Проклятье, ведь он не собирался этого говорить! Да и прозвучали слова гораздо злее, чем боярин ожидал.
Ивар удивленно повернулся к другу и усмехнулся, приподняв одну бровь.
– Твоя красна ягода сама на меня накинулась. Да и не очень ты ее берег, вся в слезах выскочила.
Бьярки поднял голову, неверяще воззрившись на друга.
– Она не моя, и речь не о том, – огрызнулся он. – Никак в княжеском детинце дворовые девки перевелись, что ты на наших заглядываться стал?
Улыбка спала с лица Ивара.
– Дурень, ты зачем ее сюда притащил?
– Отец велел, – мрачно ответил Бьярки, опуская взгляд себе под ноги.
– Она, может, и не боярского рода, но отец твой ее в дом взял.

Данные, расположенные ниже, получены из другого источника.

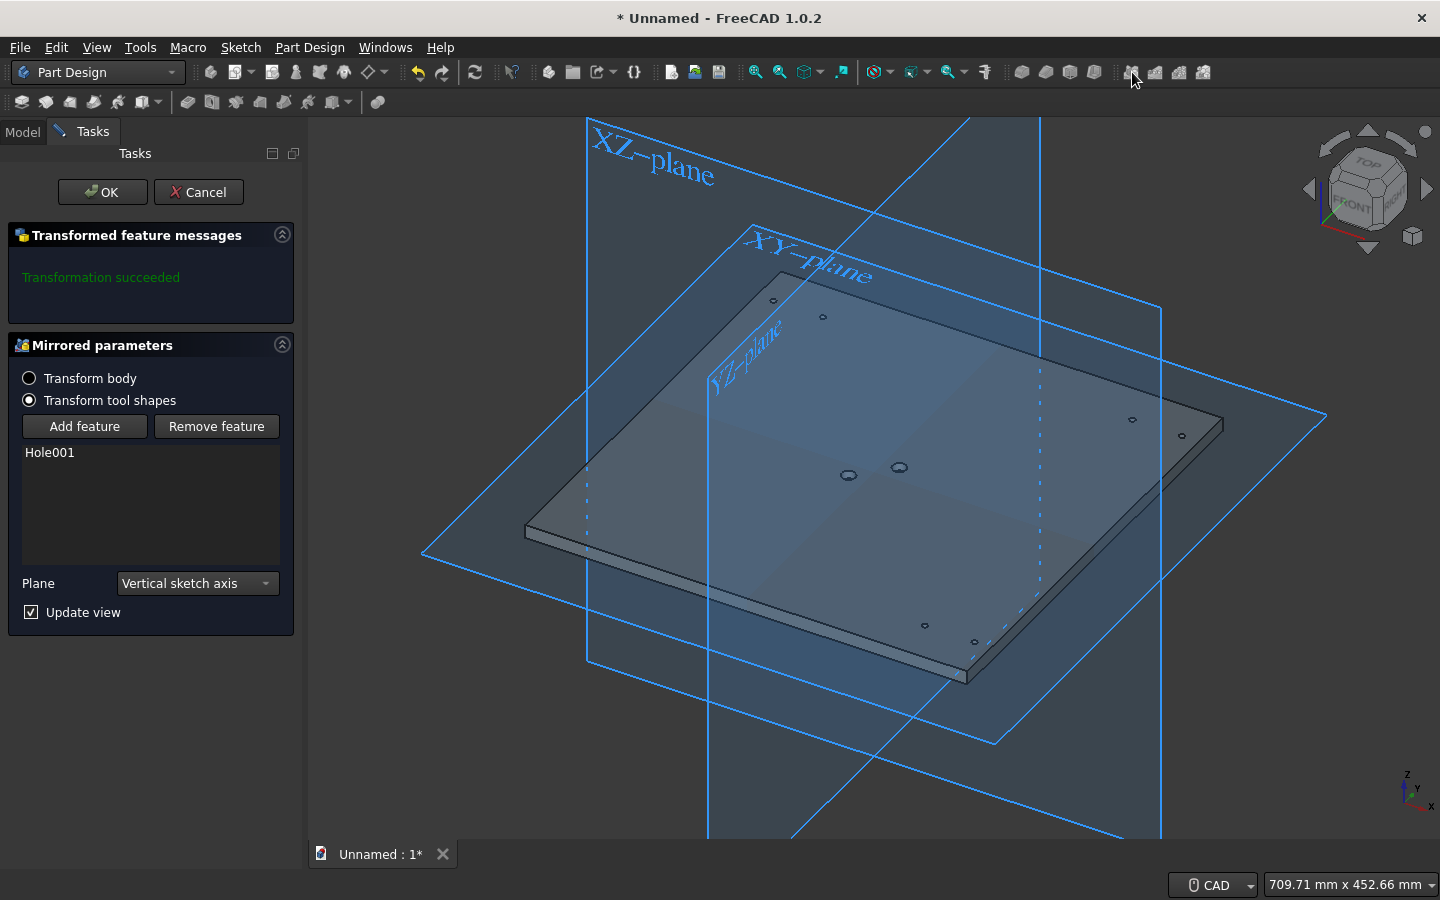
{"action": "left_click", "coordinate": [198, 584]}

Она помогла ему, когда на него напали. Не ровен час, дочерью назовет. Полно тебе. Оставь свои обиды.
– Не могу я, с души воротит. Видеть не могу ее.
– Да уж, не можешь, – усмехнулся Ивар. Он поднял с земли прутик и задумчиво провел им по песку. – Много ты дворовых девок видел, чтобы знали, с какой стороны к такой лошади подойти? Или как меч держать?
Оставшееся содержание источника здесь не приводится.